Matthew Clayfield is a freelance journalist, critic and screenwriter travelling through the US and Mexico. He is filing weekly postcards for The Punch.

A great destination from any direction. Photo: Matt Clayfield

I am writing this postcard, my first dispatch as a freelance travel writer, from a bar in San Francisco. Arguably, this is the greatest workplace in the world for an alcoholic typist like myself: the gin is cold, the pianist’s songs are old, and the tips are necessarily low.
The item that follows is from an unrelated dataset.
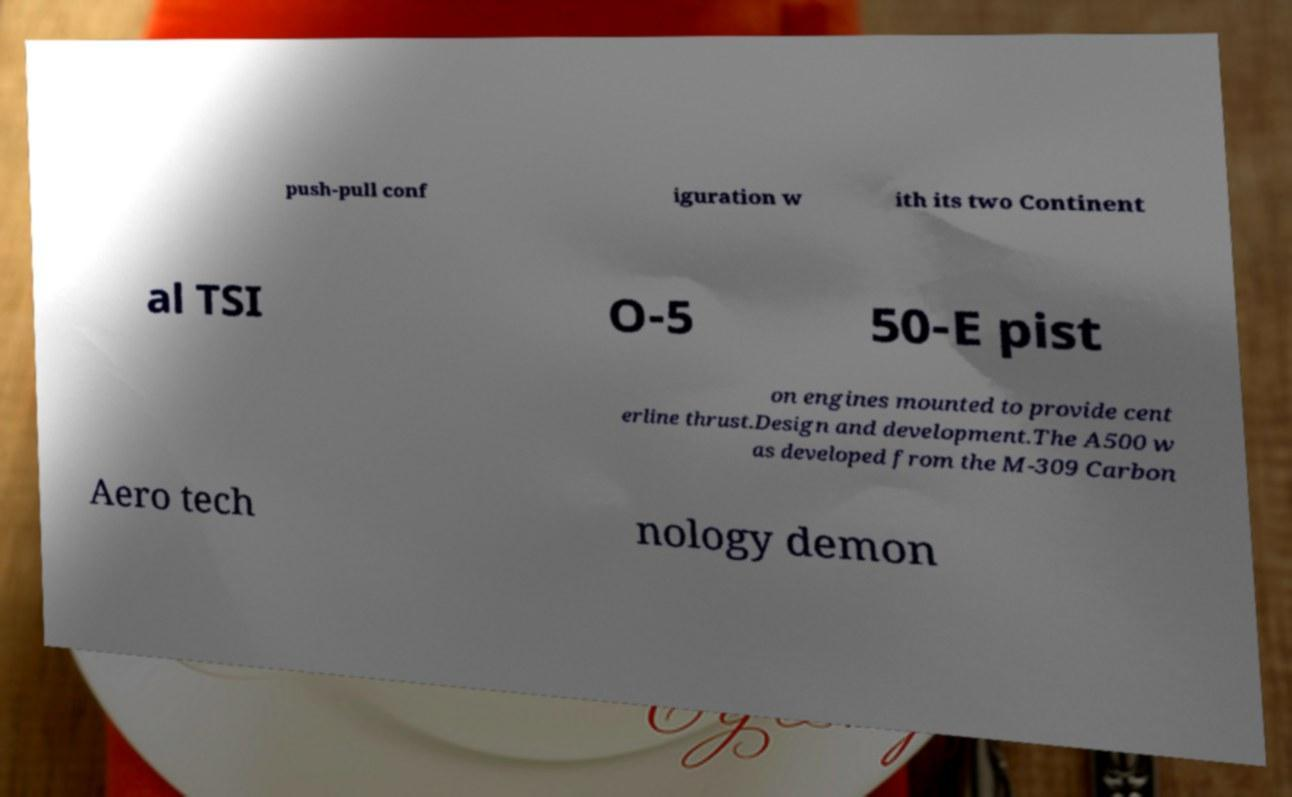Can you accurately transcribe the text from the provided image for me? push-pull conf iguration w ith its two Continent al TSI O-5 50-E pist on engines mounted to provide cent erline thrust.Design and development.The A500 w as developed from the M-309 Carbon Aero tech nology demon 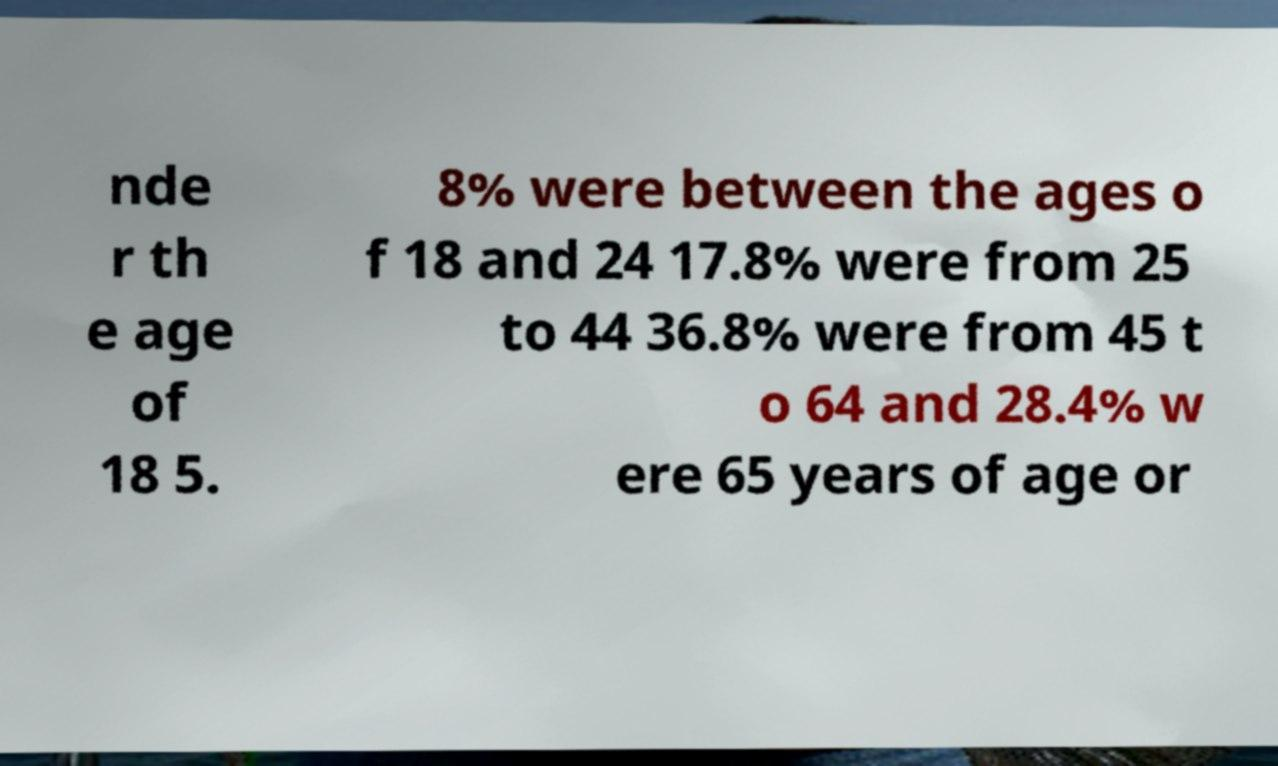Please read and relay the text visible in this image. What does it say? nde r th e age of 18 5. 8% were between the ages o f 18 and 24 17.8% were from 25 to 44 36.8% were from 45 t o 64 and 28.4% w ere 65 years of age or

The San Francisco Chronicler’s Charles McCabe, who died in 1983, was once asked:” If San Francisco is such a great place to live, “why does it have the nation’s highest rates of alcoholism and suicide?” McCabe responded almost instantaneously: “Why, for the simple reason it’s the finest place on earth to drink yourself to death.”

It’s also the finest place on earth to throw yourself into the ocean, as cinephiles everywhere are only too aware. In Alfred Hitchcock’s Vertigo, Kim Novak famously throws herself into San Francisco Bay underneath the Golden Gate Bridge, only to be rescued moments later by Jimmy Stewart, who suffers from the film’s titular affliction. Vertigo contains a number of Hitchcock’s most famous scenes, not to mention some of cinema’s, but this one more than any other has always had an indelible effect on me. For many people’s money, Vertigo is the quintessential San Francisco film. For mine, Novak’s leap into the bay is the quintessential San Francisco scene.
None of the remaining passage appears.